____ PROVIDED INFORMATION

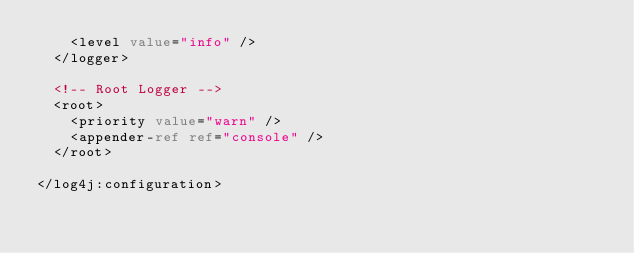Convert code to text. <code><loc_0><loc_0><loc_500><loc_500><_XML_>		<level value="info" />
	</logger>

	<!-- Root Logger -->
	<root>
		<priority value="warn" />
		<appender-ref ref="console" />
	</root>
	
</log4j:configuration>
</code> 
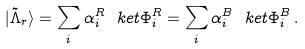<formula> <loc_0><loc_0><loc_500><loc_500>| \tilde { \Lambda } _ { r } \rangle = \sum _ { i } \alpha ^ { R } _ { i } \ k e t { \Phi ^ { R } _ { i } } = \sum _ { i } \alpha ^ { B } _ { i } \ k e t { \Phi ^ { B } _ { i } } \, .</formula> 
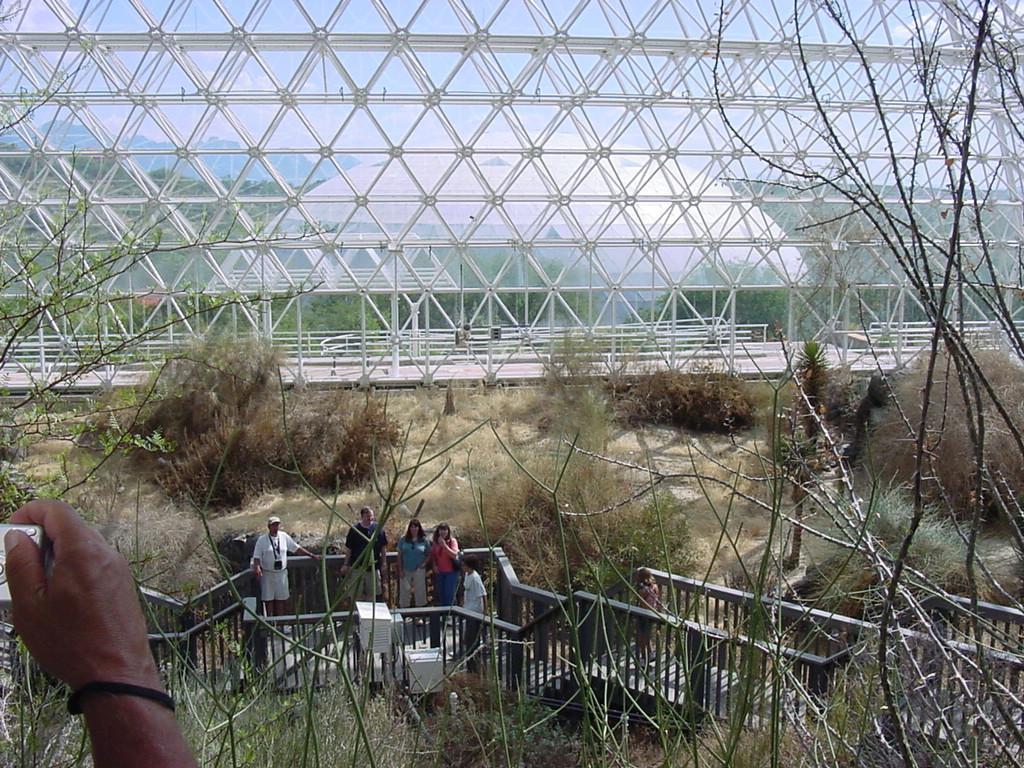Please provide a concise description of this image. In this image there is the sky towards the top of the image, there are trees, there is a road, there is a glass wall towards the top of the image, there are plants towards the bottom of the image, there are persons standing, there is a man wearing a cap, there is a person's hand towards the bottom of the image, there is an object in the person's hand.

________

The required output is every line of the data above, set down exactly and stripped of pictures.

PROBLEM SOLUTION:
Convert code to text. <code><loc_0><loc_0><loc_500><loc_500><_XML_>		<level value="info" />
	</logger>

	<!-- Root Logger -->
	<root>
		<priority value="warn" />
		<appender-ref ref="console" />
	</root>
	
</log4j:configuration>
</code> 
<formula> <loc_0><loc_0><loc_500><loc_500>| \tilde { \Lambda } _ { r } \rangle = \sum _ { i } \alpha ^ { R } _ { i } \ k e t { \Phi ^ { R } _ { i } } = \sum _ { i } \alpha ^ { B } _ { i } \ k e t { \Phi ^ { B } _ { i } } \, .</formula> 
Please provide a concise description of this image. In this image there is the sky towards the top of the image, there are trees, there is a road, there is a glass wall towards the top of the image, there are plants towards the bottom of the image, there are persons standing, there is a man wearing a cap, there is a person's hand towards the bottom of the image, there is an object in the person's hand.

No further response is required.